Shortly afterwards, the lone survivor (Steve Railsback) comes hurtling back to earth in a capsule and no memory of what’s happened to the rest of his crew.
Seems he’s got some sort of strange psychic link with the naked alien and the government uses him to track her down. She has the ability to transfer her life force into host bodies, and winds up in a variety of bodies, including good old Capt. Picard at one point.
Adding to the danger, everyone who the space vampires suck the life from become new vampires and soon they’re attacking the living for their life force. The space vampire disease spreads across the country , until things go from bad to worse (from weird to sort of convolutedly unbelievable, even for a horror film) and soon all of London is overrun with the humans-cum-space-vampires (which resemble zombies more than vampires) and soon Railsback and fellow government special agent Peter Firth are trying to fight their way back into London to stop the female alien from transmitting her collected human life forces into her alien mother ship. Apparently, we humans make a pretty good space fuel.
I won’t spoil the end of the film for you, but suffice it to say, it tends towards ambiguity.

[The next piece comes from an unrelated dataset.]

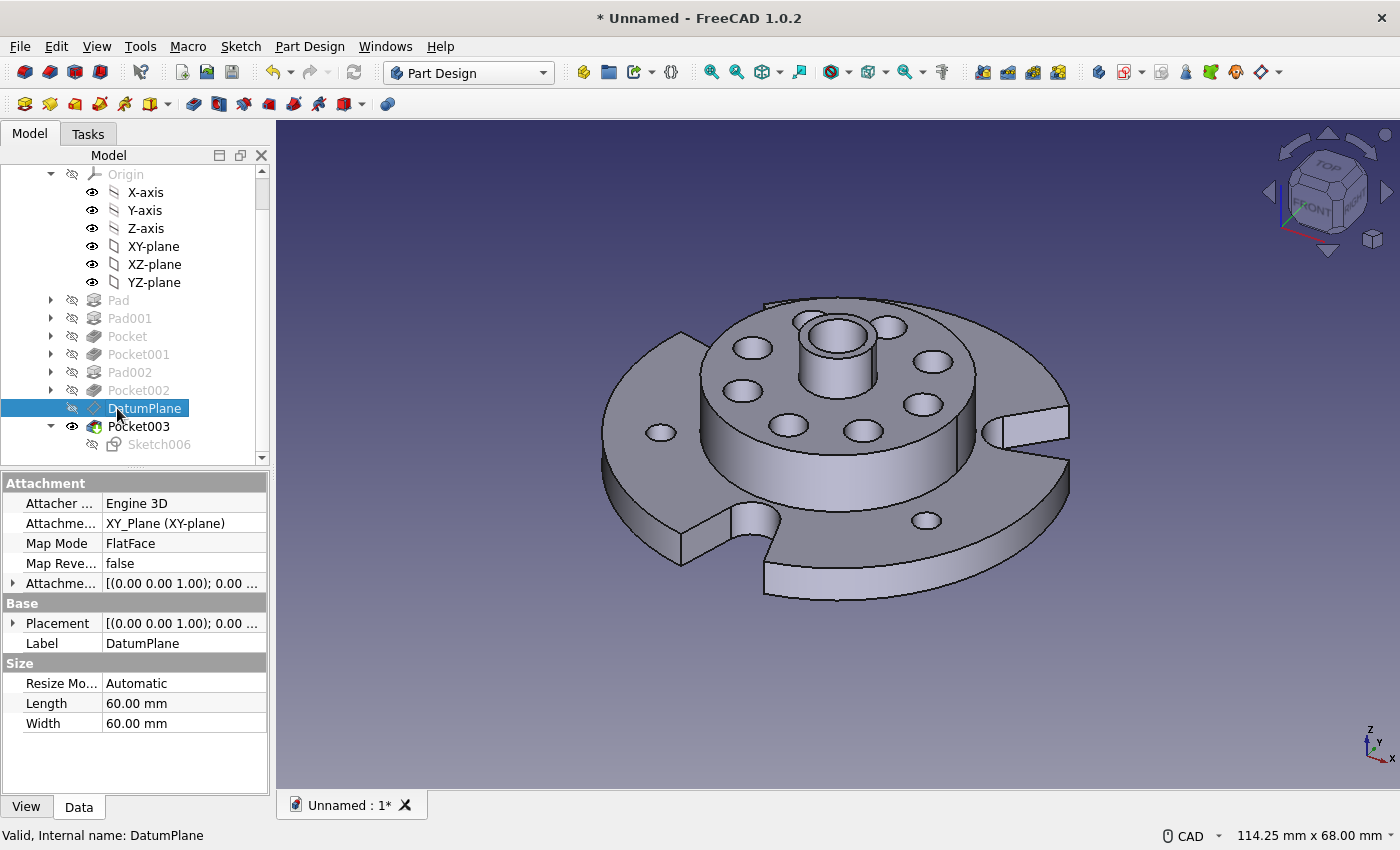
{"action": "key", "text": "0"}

Tobe Hooper is one of those director’s who, when he’s on, can make some really great flicks. Unfortunately, LIFEFORCE isn’t one of those flicks. Oh, it’s decent entertainment, but it’s hardly a TEXAS CHAINSAW MASSACRE or even a good time FUNHOUSE. And the problem may lie in the fact that he was trying desperately to escape the stricture of straight horror by using a sci-fi horror story instead (and one written by the great Colin Wilson to boot). It just doesn’t jell most of the time and there’re very few scares to be had. It’s mostly entertaining for Mathilda May walking around stark naked for a good amount of the film. The acting is a bit histrionic and uncontrolled, the special effects decent, but not really ground breaking, even for its time. What you got with LIFEFORCE is a movie that pays heavy homage to the classic Quatermass films of the 50s and 60s, thoroughly British thinking man’s sci-fi/horror movies that usually had something to do with strangely ambivalent alien invasion, which were usually short on bombast and heavy on science. After all is said and done, Hooper does a decent job of capturing the spirit of the Quatermass films.
Unfortunately, US audiences for the most part in 1985 didn’t know diddle squat about them, and saw this as a scattered and too slow mess of UK/US accents.
This is a movie for Hooper or horror completists, or perhaps for the stray Quatermass fan here and there. Are there any left alive in this age of CGI madness and boom-boom-clap-clap moviemaking?